---------- Listed records
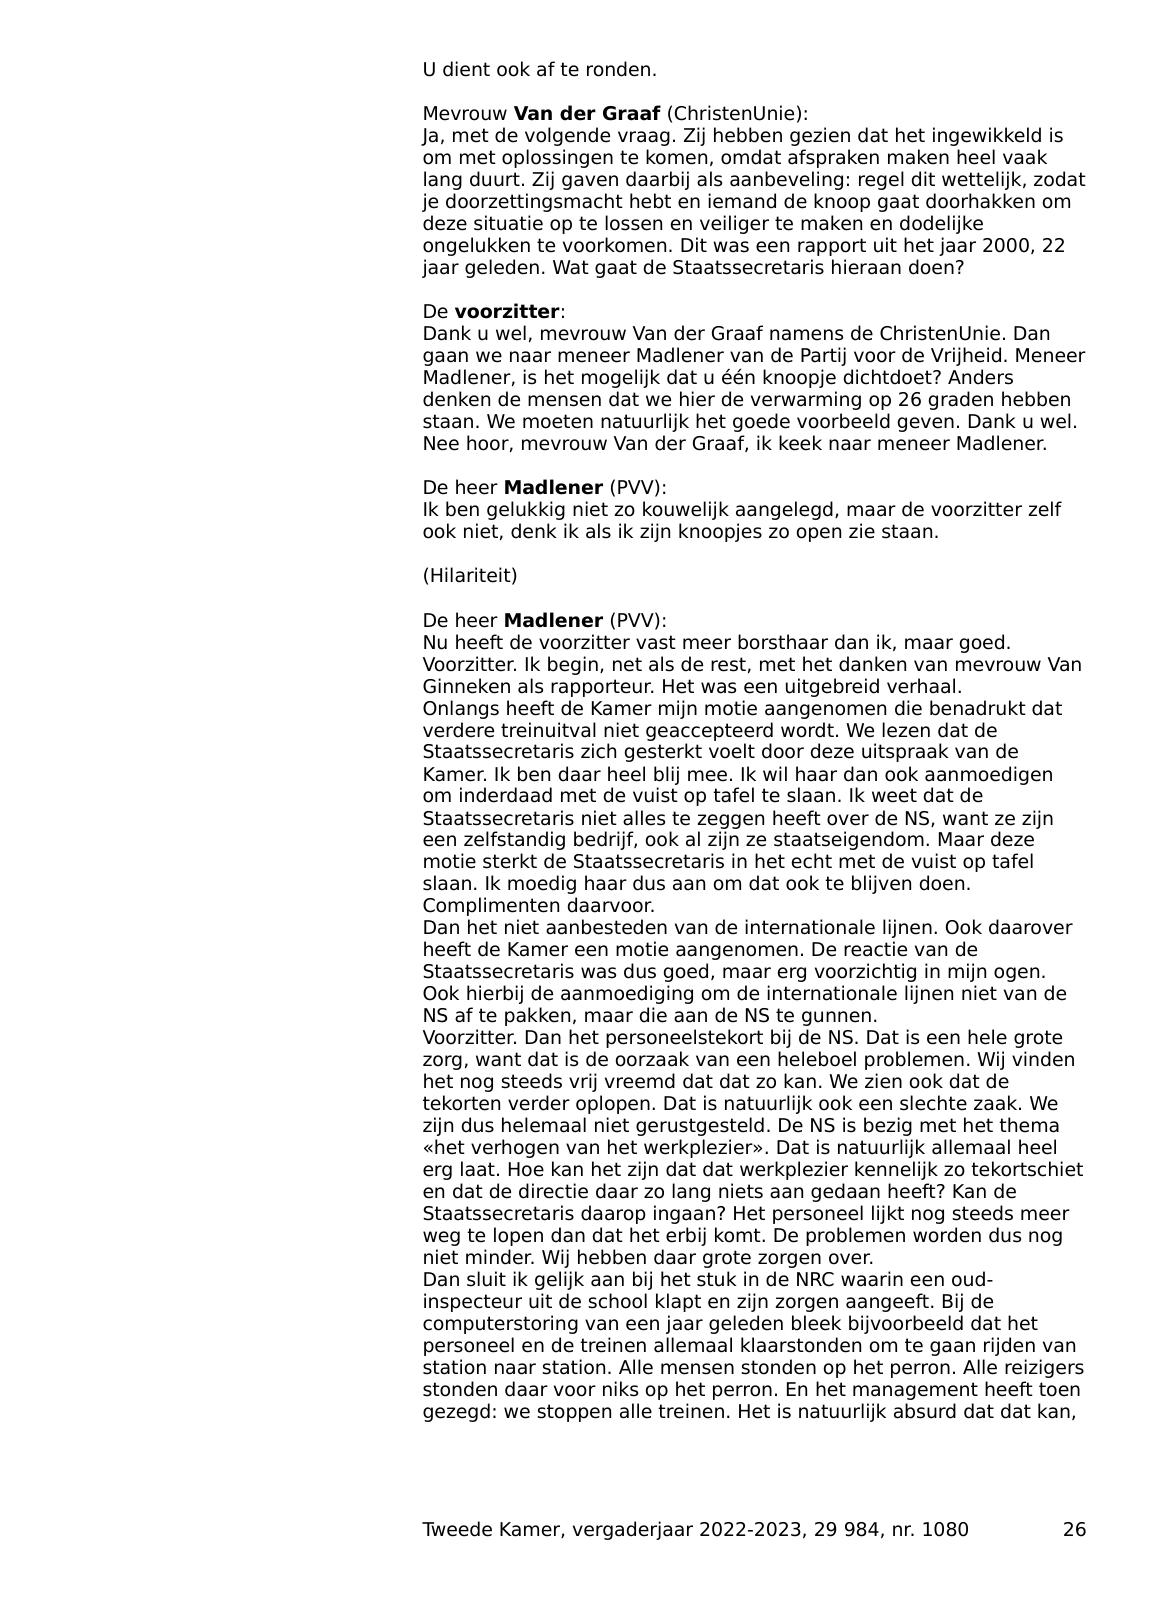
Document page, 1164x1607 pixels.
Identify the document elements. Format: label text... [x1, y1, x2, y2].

text Dan het niet aanbesteden van de internationale lijnen. Ook daarover heeft de Kamer een motie aangenomen. De reactie van de Staatssecretaris was dus goed, maar erg voorzichtig in mijn ogen. Ook hierbij de aanmoediging om de internationale lijnen niet van de NS af te pakken, maar die aan de NS te gunnen. [422, 917, 1087, 1027]
text De heer Madlener (PVV): [422, 477, 1087, 499]
text Onlangs heeft de Kamer mijn motie aangenomen die benadrukt dat verdere treinuitval niet geaccepteerd wordt. We lezen dat de Staatssecretaris zich gesterkt voelt door deze uitspraak van de Kamer. Ik ben daar heel blij mee. Ik wil haar dan ook aanmoedigen om inderdaad met de vuist op tafel te slaan. Ik weet dat de Staatssecretaris niet alles te zeggen heeft over de NS, want ze zijn een zelfstandig bedrijf, ook al zijn ze staatseigendom. Maar deze motie sterkt de Staatssecretaris in het echt met de vuist op tafel slaan. Ik moedig haar dus aan om dat ook te blijven doen. Complimenten daarvoor. [422, 697, 1087, 917]
text Nu heeft de voorzitter vast meer borsthaar dan ik, maar goed. [422, 632, 1087, 653]
text De heer Madlener (PVV): [422, 609, 1087, 632]
text Dank u wel, mevrouw Van der Graaf namens de ChristenUnie. Dan gaan we naar meneer Madlener van de Partij voor de Vrijheid. Meneer Madlener, is het mogelijk dat u één knoopje dichtdoet? Anders denken de mensen dat we hier de verwarming op 26 graden hebben staan. We moeten natuurlijk het goede voorbeeld geven. Dank u wel. Nee hoor, mevrouw Van der Graaf, ik keek naar meneer Madlener. [422, 323, 1087, 455]
text Ik ben gelukkig niet zo kouwelijk aangelegd, maar de voorzitter zelf ook niet, denk ik als ik zijn knoopjes zo open zie staan. [422, 499, 1087, 543]
text Mevrouw Van der Graaf (ChristenUnie): [422, 103, 1087, 125]
text Dan sluit ik gelijk aan bij het stuk in de NRC waarin een oud-inspecteur uit de school klapt en zijn zorgen aangeeft. Bij de computerstoring van een jaar geleden bleek bijvoorbeeld dat het personeel en de treinen allemaal klaarstonden om te gaan rijden van station naar station. Alle mensen stonden op het perron. Alle reizigers stonden daar voor niks op het perron. En het management heeft toen gezegd: we stoppen alle treinen. Het is natuurlijk absurd dat dat kan, [422, 1269, 1087, 1423]
text Ja, met de volgende vraag. Zij hebben gezien dat het ingewikkeld is om met oplossingen te komen, omdat afspraken maken heel vaak lang duurt. Zij gaven daarbij als aanbeveling: regel dit wettelijk, zodat je doorzettingsmacht hebt en iemand de knoop gaat doorhakken om deze situatie op te lossen en veiliger te maken en dodelijke ongelukken te voorkomen. Dit was een rapport uit het jaar 2000, 22 jaar geleden. Wat gaat de Staatssecretaris hieraan doen? [422, 125, 1087, 279]
text De voorzitter: [422, 301, 1087, 323]
text (Hilariteit) [422, 565, 1087, 587]
text U dient ook af te ronden. [422, 59, 1087, 81]
text Voorzitter. Dan het personeelstekort bij de NS. Dat is een hele grote zorg, want dat is de oorzaak van een heleboel problemen. Wij vinden het nog steeds vrij vreemd dat dat zo kan. We zien ook dat de tekorten verder oplopen. Dat is natuurlijk ook een slechte zaak. We zijn dus helemaal niet gerustgesteld. De NS is bezig met het thema «het verhogen van het werkplezier». Dat is natuurlijk allemaal heel erg laat. Hoe kan het zijn dat dat werkplezier kennelijk zo tekortschiet en dat de directie daar zo lang niets aan gedaan heeft? Kan de Staatssecretaris daarop ingaan? Het personeel lijkt nog steeds meer weg te lopen dan dat het erbij komt. De problemen worden dus nog niet minder. Wij hebben daar grote zorgen over. [422, 1027, 1087, 1269]
text Voorzitter. Ik begin, net als de rest, met het danken van mevrouw Van Ginneken als rapporteur. Het was een uitgebreid verhaal. [422, 653, 1087, 697]
--------------------
What needs to be done —
For this exercise, repeat exactly the lines of the data above from the one with "text Onlangs heeft" down to the one with "text Dan sluit", both end lines included.

Worked solution —
text Onlangs heeft de Kamer mijn motie aangenomen die benadrukt dat verdere treinuitval niet geaccepteerd wordt. We lezen dat de Staatssecretaris zich gesterkt voelt door deze uitspraak van de Kamer. Ik ben daar heel blij mee. Ik wil haar dan ook aanmoedigen om inderdaad met de vuist op tafel te slaan. Ik weet dat de Staatssecretaris niet alles te zeggen heeft over de NS, want ze zijn een zelfstandig bedrijf, ook al zijn ze staatseigendom. Maar deze motie sterkt de Staatssecretaris in het echt met de vuist op tafel slaan. Ik moedig haar dus aan om dat ook te blijven doen. Complimenten daarvoor. [422, 697, 1087, 917]
text Nu heeft de voorzitter vast meer borsthaar dan ik, maar goed. [422, 632, 1087, 653]
text De heer Madlener (PVV): [422, 609, 1087, 632]
text Dank u wel, mevrouw Van der Graaf namens de ChristenUnie. Dan gaan we naar meneer Madlener van de Partij voor de Vrijheid. Meneer Madlener, is het mogelijk dat u één knoopje dichtdoet? Anders denken de mensen dat we hier de verwarming op 26 graden hebben staan. We moeten natuurlijk het goede voorbeeld geven. Dank u wel. Nee hoor, mevrouw Van der Graaf, ik keek naar meneer Madlener. [422, 323, 1087, 455]
text Ik ben gelukkig niet zo kouwelijk aangelegd, maar de voorzitter zelf ook niet, denk ik als ik zijn knoopjes zo open zie staan. [422, 499, 1087, 543]
text Mevrouw Van der Graaf (ChristenUnie): [422, 103, 1087, 125]
text Dan sluit ik gelijk aan bij het stuk in de NRC waarin een oud-inspecteur uit de school klapt en zijn zorgen aangeeft. Bij de computerstoring van een jaar geleden bleek bijvoorbeeld dat het personeel en de treinen allemaal klaarstonden om te gaan rijden van station naar station. Alle mensen stonden op het perron. Alle reizigers stonden daar voor niks op het perron. En het management heeft toen gezegd: we stoppen alle treinen. Het is natuurlijk absurd dat dat kan, [422, 1269, 1087, 1423]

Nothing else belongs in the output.